Your answer must match, word for word, the lines from the one holding "name: (x, y, z);" through the final line below, with pictures excluded.

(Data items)
· · ·
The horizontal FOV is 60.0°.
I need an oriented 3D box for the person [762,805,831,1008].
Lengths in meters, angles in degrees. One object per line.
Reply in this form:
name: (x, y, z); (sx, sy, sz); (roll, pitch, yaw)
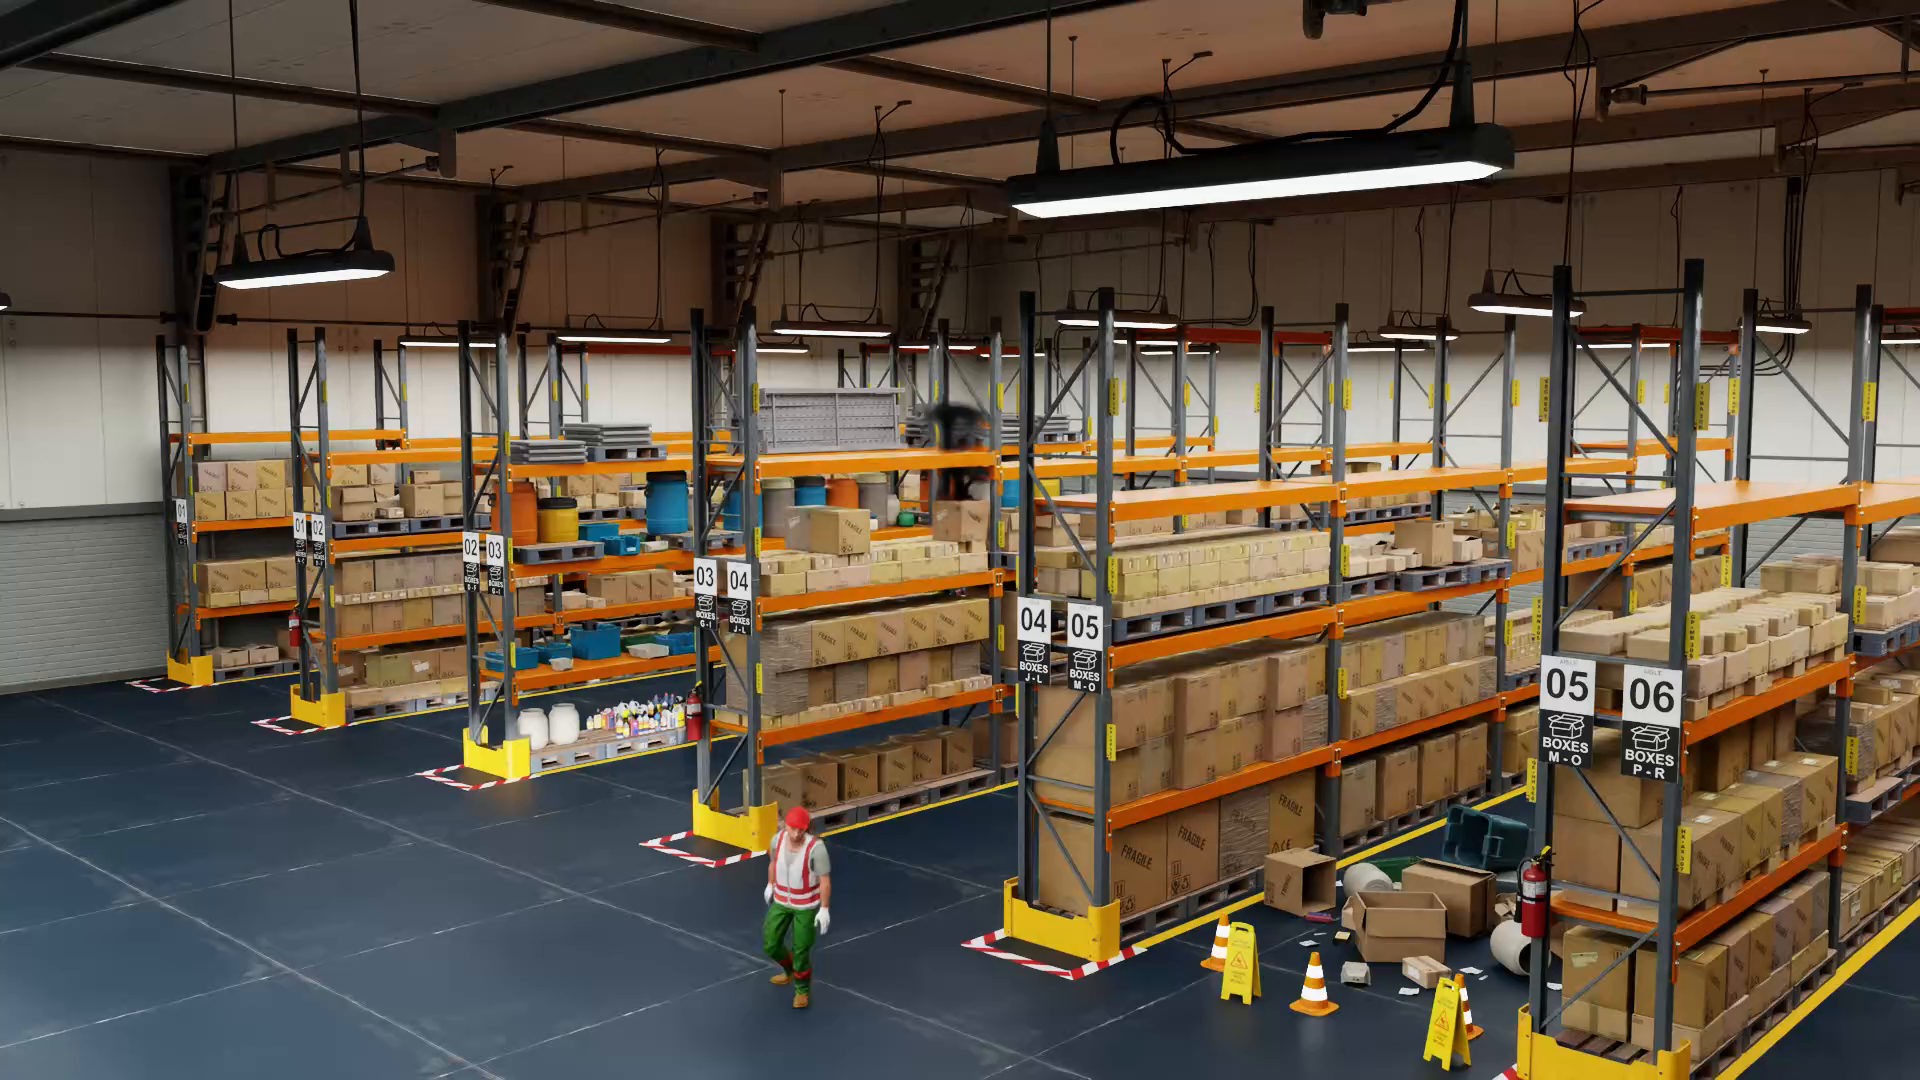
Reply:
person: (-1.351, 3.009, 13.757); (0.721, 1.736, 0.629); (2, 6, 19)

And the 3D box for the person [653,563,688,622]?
· · ·
#### Answer to this exercise:
name: (x, y, z); (sx, sy, sz); (roll, pitch, yaw)
Reply:
person: (-1.351, 3.009, 13.757); (0.721, 1.736, 0.629); (2, 6, 19)

And the 3D box for the person [653,563,688,622]?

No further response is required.